▶ **Assigned task**: The listing below should be reproduced exactly, with the pictures omitted.

▶ **Entries shown**:
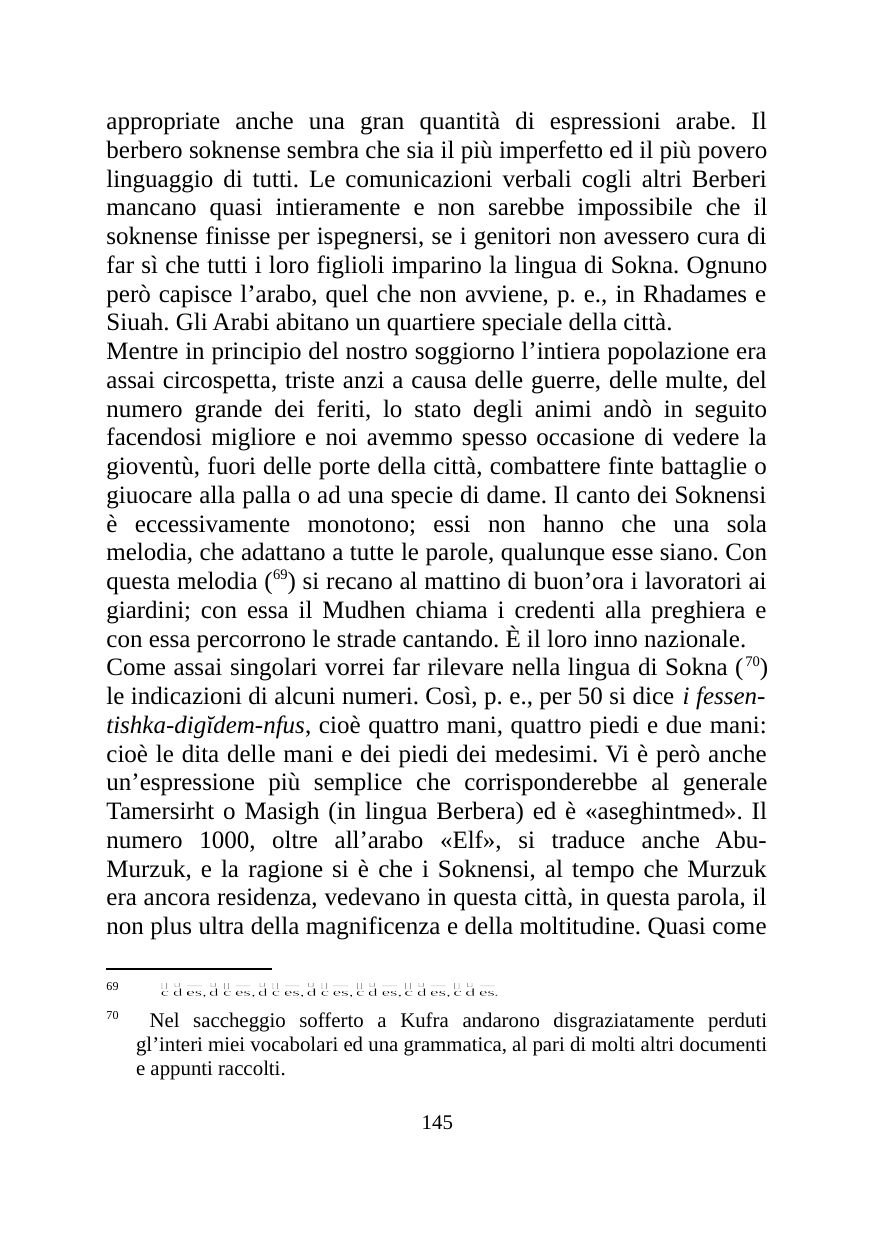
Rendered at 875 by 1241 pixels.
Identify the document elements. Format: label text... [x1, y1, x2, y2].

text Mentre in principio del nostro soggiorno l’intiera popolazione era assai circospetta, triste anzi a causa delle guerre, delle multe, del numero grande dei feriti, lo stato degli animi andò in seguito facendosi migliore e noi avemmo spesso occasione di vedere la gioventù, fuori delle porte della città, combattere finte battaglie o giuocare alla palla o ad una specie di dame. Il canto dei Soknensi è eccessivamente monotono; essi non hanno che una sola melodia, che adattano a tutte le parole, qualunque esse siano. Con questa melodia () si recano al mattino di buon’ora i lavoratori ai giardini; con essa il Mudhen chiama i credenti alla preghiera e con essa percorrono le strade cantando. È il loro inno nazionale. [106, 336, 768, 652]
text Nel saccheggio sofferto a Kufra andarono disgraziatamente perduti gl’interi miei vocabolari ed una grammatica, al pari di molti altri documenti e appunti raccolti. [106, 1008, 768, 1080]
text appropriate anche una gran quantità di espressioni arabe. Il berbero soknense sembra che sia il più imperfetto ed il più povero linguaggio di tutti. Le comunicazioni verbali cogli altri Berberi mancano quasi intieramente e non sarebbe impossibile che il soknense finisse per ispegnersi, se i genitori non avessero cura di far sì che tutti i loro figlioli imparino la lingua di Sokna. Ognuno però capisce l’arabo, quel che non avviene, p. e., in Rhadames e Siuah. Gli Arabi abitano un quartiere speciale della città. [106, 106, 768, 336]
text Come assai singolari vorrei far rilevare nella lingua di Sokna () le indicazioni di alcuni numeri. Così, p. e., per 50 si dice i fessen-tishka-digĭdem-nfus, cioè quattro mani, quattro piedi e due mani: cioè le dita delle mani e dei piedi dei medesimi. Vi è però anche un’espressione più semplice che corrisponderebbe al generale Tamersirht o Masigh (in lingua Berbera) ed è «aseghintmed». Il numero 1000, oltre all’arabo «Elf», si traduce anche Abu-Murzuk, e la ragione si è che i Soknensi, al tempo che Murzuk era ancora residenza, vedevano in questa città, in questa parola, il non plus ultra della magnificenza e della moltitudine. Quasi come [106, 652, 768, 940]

▶ **Answer to the exercise**:
Rendered at 875 by 1241 pixels.
Identify the document elements. Format: label text... [x1, y1, x2, y2].

text Mentre in principio del nostro soggiorno l’intiera popolazione era assai circospetta, triste anzi a causa delle guerre, delle multe, del numero grande dei feriti, lo stato degli animi andò in seguito facendosi migliore e noi avemmo spesso occasione di vedere la gioventù, fuori delle porte della città, combattere finte battaglie o giuocare alla palla o ad una specie di dame. Il canto dei Soknensi è eccessivamente monotono; essi non hanno che una sola melodia, che adattano a tutte le parole, qualunque esse siano. Con questa melodia () si recano al mattino di buon’ora i lavoratori ai giardini; con essa il Mudhen chiama i credenti alla preghiera e con essa percorrono le strade cantando. È il loro inno nazionale. [106, 336, 768, 652]
text Nel saccheggio sofferto a Kufra andarono disgraziatamente perduti gl’interi miei vocabolari ed una grammatica, al pari di molti altri documenti e appunti raccolti. [106, 1008, 768, 1080]
text appropriate anche una gran quantità di espressioni arabe. Il berbero soknense sembra che sia il più imperfetto ed il più povero linguaggio di tutti. Le comunicazioni verbali cogli altri Berberi mancano quasi intieramente e non sarebbe impossibile che il soknense finisse per ispegnersi, se i genitori non avessero cura di far sì che tutti i loro figlioli imparino la lingua di Sokna. Ognuno però capisce l’arabo, quel che non avviene, p. e., in Rhadames e Siuah. Gli Arabi abitano un quartiere speciale della città. [106, 106, 768, 336]
text Come assai singolari vorrei far rilevare nella lingua di Sokna () le indicazioni di alcuni numeri. Così, p. e., per 50 si dice i fessen-tishka-digĭdem-nfus, cioè quattro mani, quattro piedi e due mani: cioè le dita delle mani e dei piedi dei medesimi. Vi è però anche un’espressione più semplice che corrisponderebbe al generale Tamersirht o Masigh (in lingua Berbera) ed è «aseghintmed». Il numero 1000, oltre all’arabo «Elf», si traduce anche Abu-Murzuk, e la ragione si è che i Soknensi, al tempo che Murzuk era ancora residenza, vedevano in questa città, in questa parola, il non plus ultra della magnificenza e della moltitudine. Quasi come [106, 652, 768, 940]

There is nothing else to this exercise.